Comedy-Presseschau vom 25.07.25

  • El Hotzo stand wegen eines Tweets über das versuchte Attentat auf den US-Präsidenten vor Gericht. Nun ist er in erster Instanz freigesprochen worden. Man könne darüber streiten, ob der Post witzig sei, sagte eine von Hotz‘ Anwältinnen bei der Verhandlung. „Aber nicht darüber, ob es ein Witz war.“ Das ist schon mehr Differenzierung als in 99 Prozent aller deutschen Feuilletonartikel über Humor. Jurist:innen, ey! Zeigt sich wieder einmal, dass sie oft über die feinsten Humorantennen verfügen. Erkennbar auch an der ausführlichen Berichterstattung beim in Satiredingen in Deutschland maßgeblichen Medienportal Legal Tribune Online.

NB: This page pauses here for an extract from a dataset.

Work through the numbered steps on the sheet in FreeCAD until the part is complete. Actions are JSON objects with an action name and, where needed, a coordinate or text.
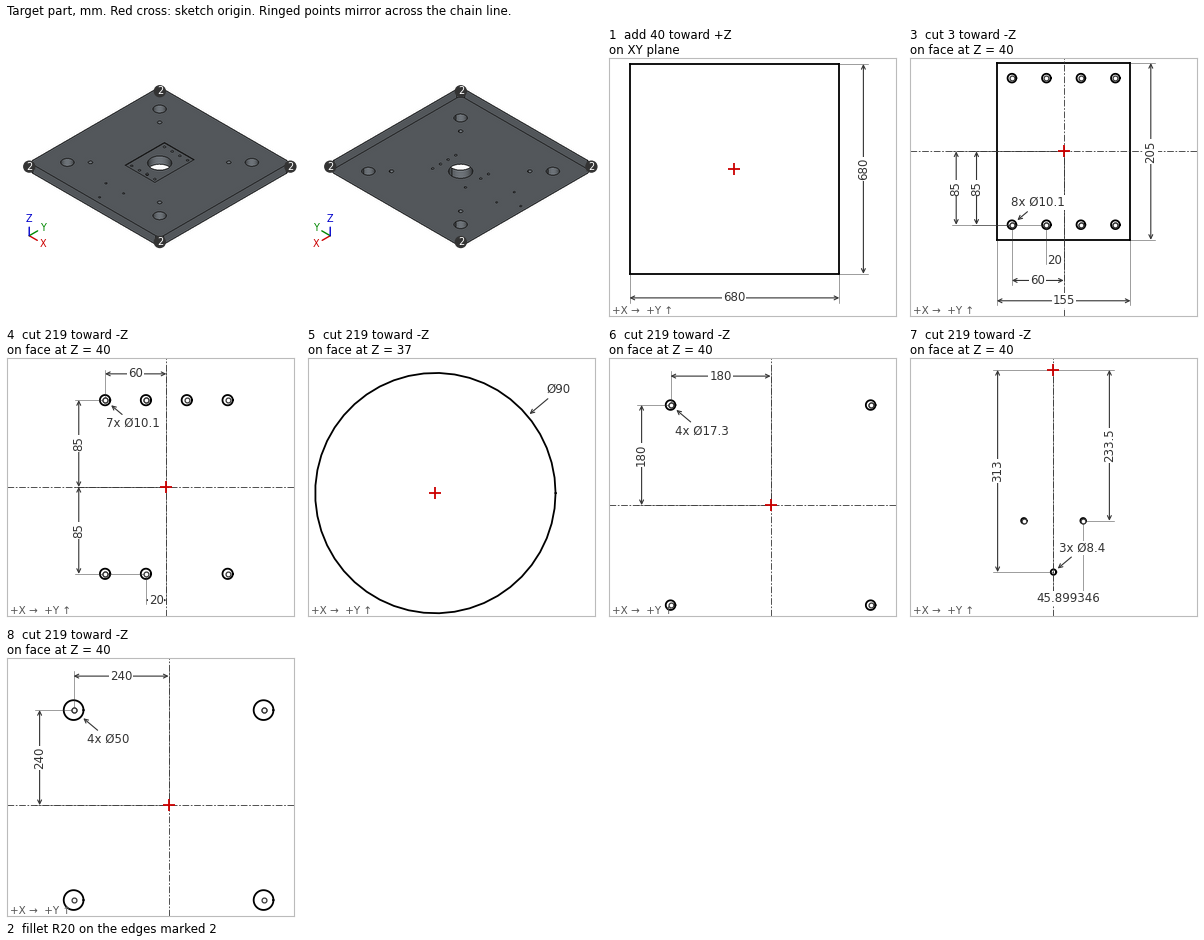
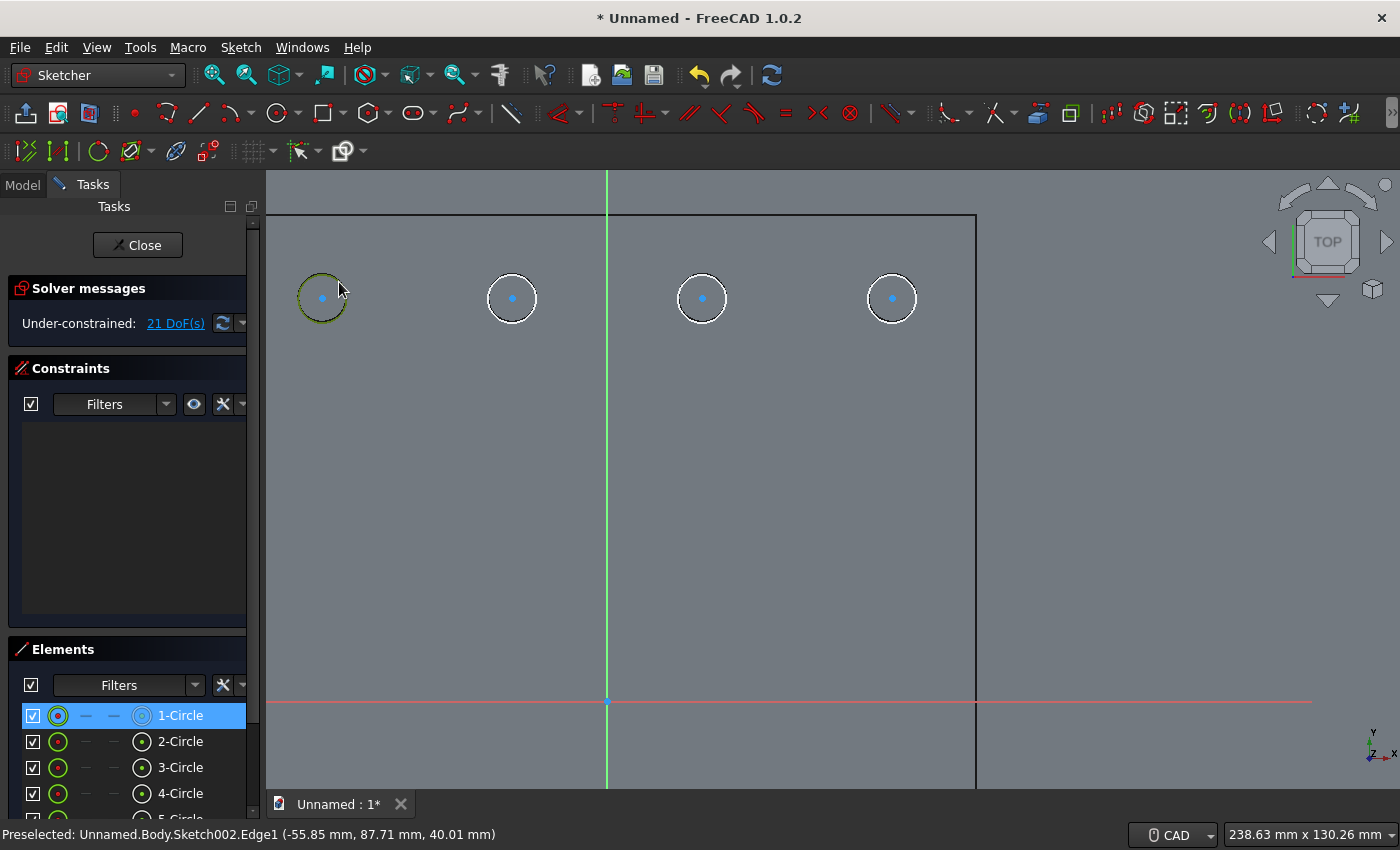
{"action": "scroll", "coordinate": [893, 298], "scroll_direction": "down", "scroll_amount": 4}

  • Der US-amerikanische Sender CBS stellt die legendäre Late Show mit Stephen Colbert ein, die der 2014 von David Letterman übernommen hatte. Das alles hat wahrscheinlich politische Gründe, die man zum Beispiel in der New York Times nachlesen kann. Viele beklagen jetzt, dass damit eine wichtige Gegenöffentlichkeit zum politischen Irrsinn wegbricht und befürchten einen Präzedenzfall. Natürlich: Die Late-Night-Shows gelten in den USA als Goldstandard der Unterhaltungsindustrie, nicht ganz zu unrecht. Und so gern ich einem geharnischten Monolog gegen Trump lausche, aber: Alle wissen doch Bescheid. Ich erwarte von einer Show nicht, die Welt zu verändern, aber die Kritik der Shows ist schon ein bisschen arg Routine geworden. Man könnte das Ende der Late Show also auch zum Anlass nehmen, mal über unhinterfragte Glaubenssätze und neue Konzepte nachzudenken.

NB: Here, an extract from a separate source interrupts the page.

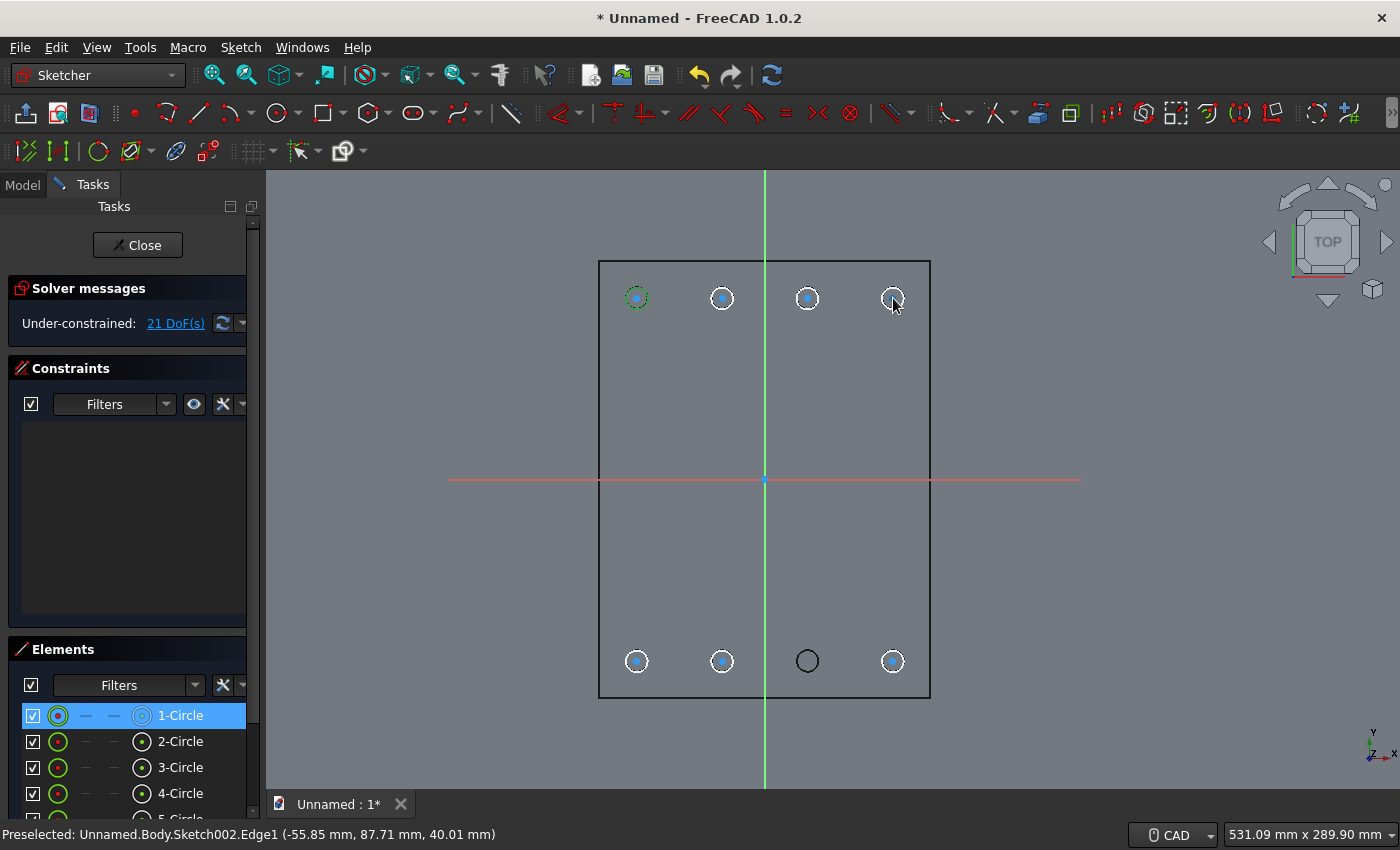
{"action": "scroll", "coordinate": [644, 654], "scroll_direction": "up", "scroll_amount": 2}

  • Zwei neue Comedyangebote habe ich in den vergangenen Wochen kennengerlernt, nämlich einmal den Stand-up Detector, der versucht, auf Whatsapp deutschlandweit Veranstalter mit offenen Spots mit spielwilligen Comedians in Kontakt zu bringen. (Mehr Informationen auf Instagram) Ein sympathisches chaotisches Angebot für eine chaotische Szene.

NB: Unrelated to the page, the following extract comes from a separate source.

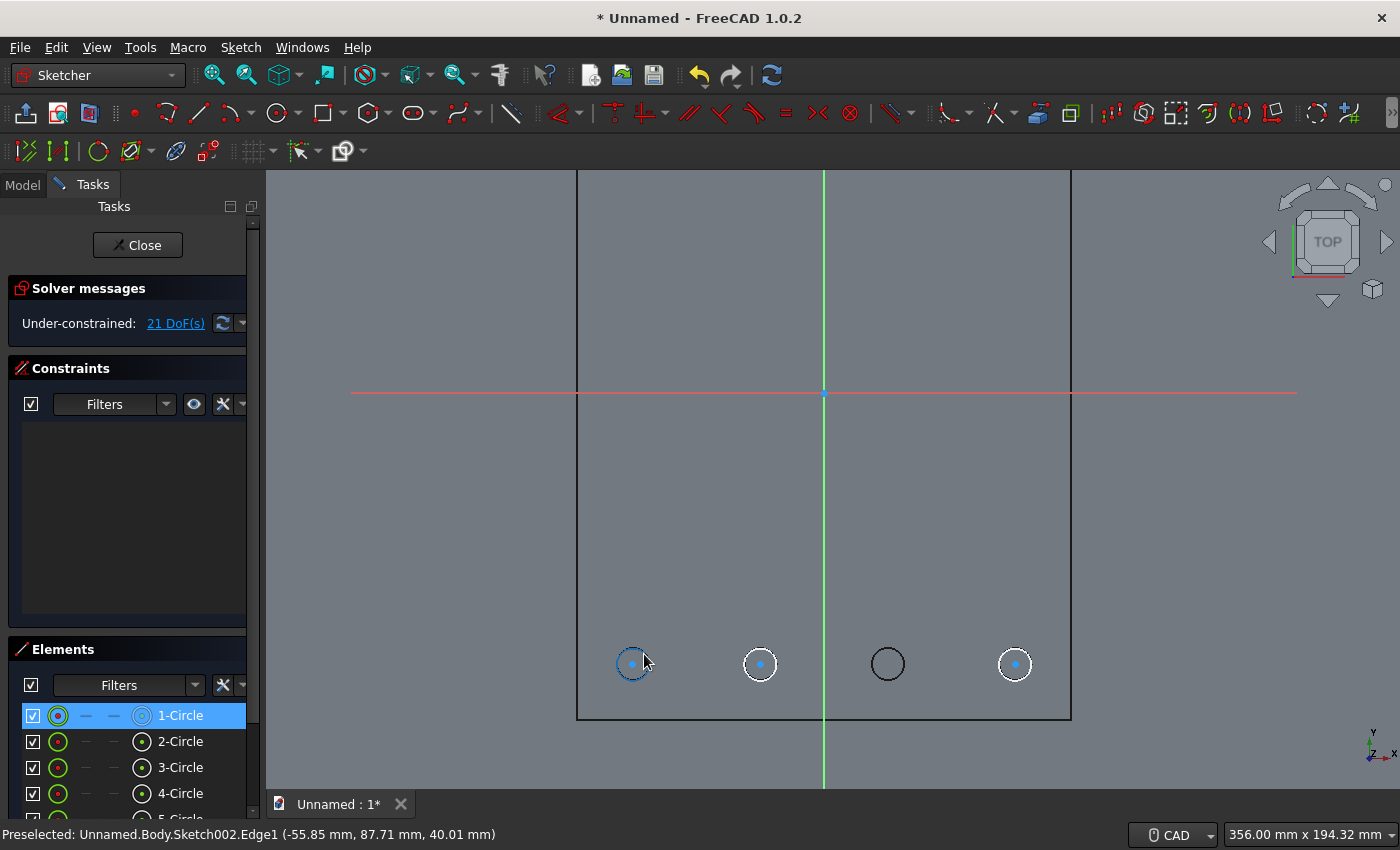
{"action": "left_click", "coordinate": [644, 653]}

  • Etwas strukturierter möchte Standup Republic sein, eine Catch-all-Plattform für Stand-up: Auch Standup Republic bringt Hosts mit Comedians in Kontakt, ferner sollen sich die Comedians quasi direkt Shows über die Plattform buchen können. Die Plattform behält nach meinen Informationen eine geringe Provision ein. Und zu guter Letzt können Comedyfans dort auch direkt ihre Tickets kaufen. Die Macher haben mir mitgeteilt, dass sich bisher bereits gut 1000 Hosts und Comedians angemeldet hätten. Standup Republic hat einen der Schmerzpunkte deutlich erkannt, die für Fans und oft auch für Comedians überwältigende Unübersichtlichkeit der Szene. Ein Bündelangebot ist ein guter Weg, das Problem zu adressieren, und es funktioniert umso besser, je mehr Menschen mitmachen. Allerdings bringt es auch Fragestellungen mit sich: Wie entwickeln sich die Provisionen? Wird es Premium-Accounts geben? Und führt das Bundling vielleicht auf lange Sicht zu Standardisierung und sozialer Disziplinierung? Lohnt sich im Auge zu behalten.
  • „‚Till Tonight‘, das könnte wirklich funktionieren“, konstatiert Anja Rützel beim Spiegel über die Late-Night-Show mit Till Reiners. Und weiter: „Die Auftaktfolge ist rundherum gelungen, Reiners‘ Stand-up sitzt perfekt – bei quasi allen jüngeren Versuchen in diesem Formatfeld war das eine meist wackelige Partie“ – es könnte daran liegen, dass halt von den meisten Leuten unterschätzt wird, wie schwer so ein Stand-up abzuliefern ist. Ein Comedian hat da sicherlich Vorteile.
Comedian Björn von Morgenstern

BIT-EMPFEHLUNG: Björn von Morgenstern: Oppas (2025)

Schönes Beispiel für outcalling bullshit in Stand-up-Comedy: Björn von Morgenstern dröselt den blöden Spruch „mit euch würde man keinen Krieg gewinnen“ auf und packt ihn in eine sehr gewählte Sportmetapher. Vom selber über die eigenen Witze Lachen bin ich zwar kein Fan, aber es passt zur Persona. Und wer weiß, vielleicht amüsiert er sich ja wirklich? Es wäre nix schlechtes.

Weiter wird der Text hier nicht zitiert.